I spent a good part of the evening talking
with Mike Frame. Mike was a bit of a wild man in high school, testing the
limits of his 1968 big-engine Dodge Charger. But he survived -- including
getting a ticket for doing 137 mph.
Mike ended up with a construction business in central Florida. With two
heart surgeries behind him, he just retired, turning his business over to his
son. Mike is a big personality, and one of the few people who dominates a
discussion to the point that even I have a hard time getting a in a word or two.
He's a big bear of a man, oblivious to
subtleties and nuance. Like
Popeye, "he yam what he yam, and that's all that he yam." I'm not sure Mike and I have much in common anymore.
But I can't help myself. After all these years, I still like the guy. I hope to sit down with him over beers again some day.
There were two somber moments during the
evening. The first is to be expected. In a corner of the room was the poster
with the photos of all our classmates who have passed away. I stood looking at
it with Portia. Her best friend's photo was there, a victim of cancer. I
recognize maybe a dozen photos and names. All those young faces staring back at
our no longer young eyes. By the
50th Anniversary there certainly will be more of those once young faces on that
board. It is the way of life. And
time.
The other moment was a long discussion I had
with a classmate who had recently battled cancer. She was a sparkling sprite of
a girl, full of life and energy. Her experience with cancer, her parent's
strokes, and the aftermath in which people she had always counted upon had
turned their back on her, have sapped much of the joy of life she always exuded.
It was tough to hear. She's recovered from the cancer and has a good man in her
life. I hope it all goes well for
her. She deserves better.
The Muncie Central Class of 1970 had well
more than 500 graduates. Yet as I sat looking over the room, I realized that
part of our graduating class was missing. In a school where perhaps 15 percent
of the graduates were African-American, there was not a single face of color in
the room.
Not one.
There were some serious racial tensions during
our high school years. There were riots in the Muncie high schools all three
years we were there. When racial tensions soared, we had uniformed officers
patrolling the halls.
But despite the tensions, the school was not overtly
segregated. At least in my classes and in band, whites and blacks generally
seemed to be at ease with each other.
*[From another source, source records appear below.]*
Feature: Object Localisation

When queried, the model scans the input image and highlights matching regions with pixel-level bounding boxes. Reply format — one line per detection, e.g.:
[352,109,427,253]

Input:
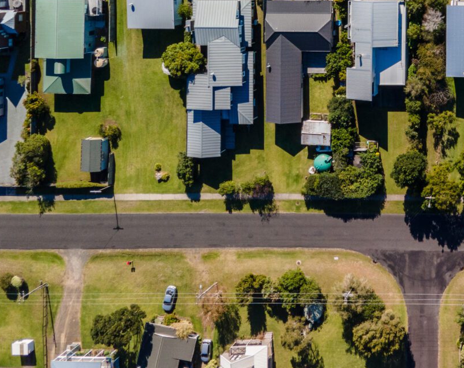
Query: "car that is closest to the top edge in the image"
[163,284,179,312]
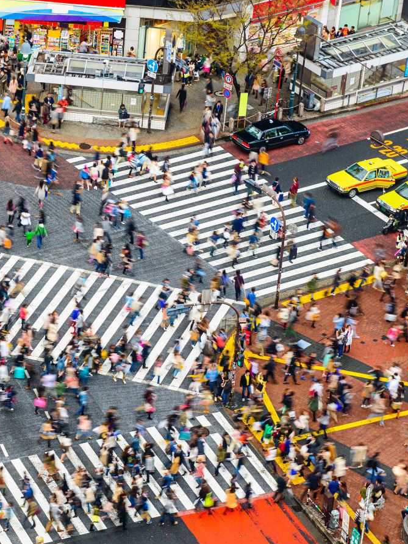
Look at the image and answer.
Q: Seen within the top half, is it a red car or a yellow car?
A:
yellow car
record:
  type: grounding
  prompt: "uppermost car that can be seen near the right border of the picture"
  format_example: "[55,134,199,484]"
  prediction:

Of course it didn't help when the
football coach's son punched out a black girl in the cafeteria when she cut in
line. But that was the way of things in those often troubled times.
I don't know the reason such an important
segment of our class was missing. Maybe class reunion organizers need to make a
stronger effort to reach out to African-American leaders in the Class of 1970.
I just hope that when the 50th Anniversary rolls around, that all segments of
our class are represented.
When I arrived at the Reunion with Diana,
my date from the Muncie Central Class of 1969, we chose to sit at an empty
table near a window. The table was the only one that did not substantially fill
during the evening. Throughout the evening, only Mike Frame joined us at our
table. Next to me was Gary
Marcum's table, filled with those who attended Kuhner Junior High. Elsewhere there were tables full of
classmates with whom I shared classes, but who were only acquaintances rather than friends.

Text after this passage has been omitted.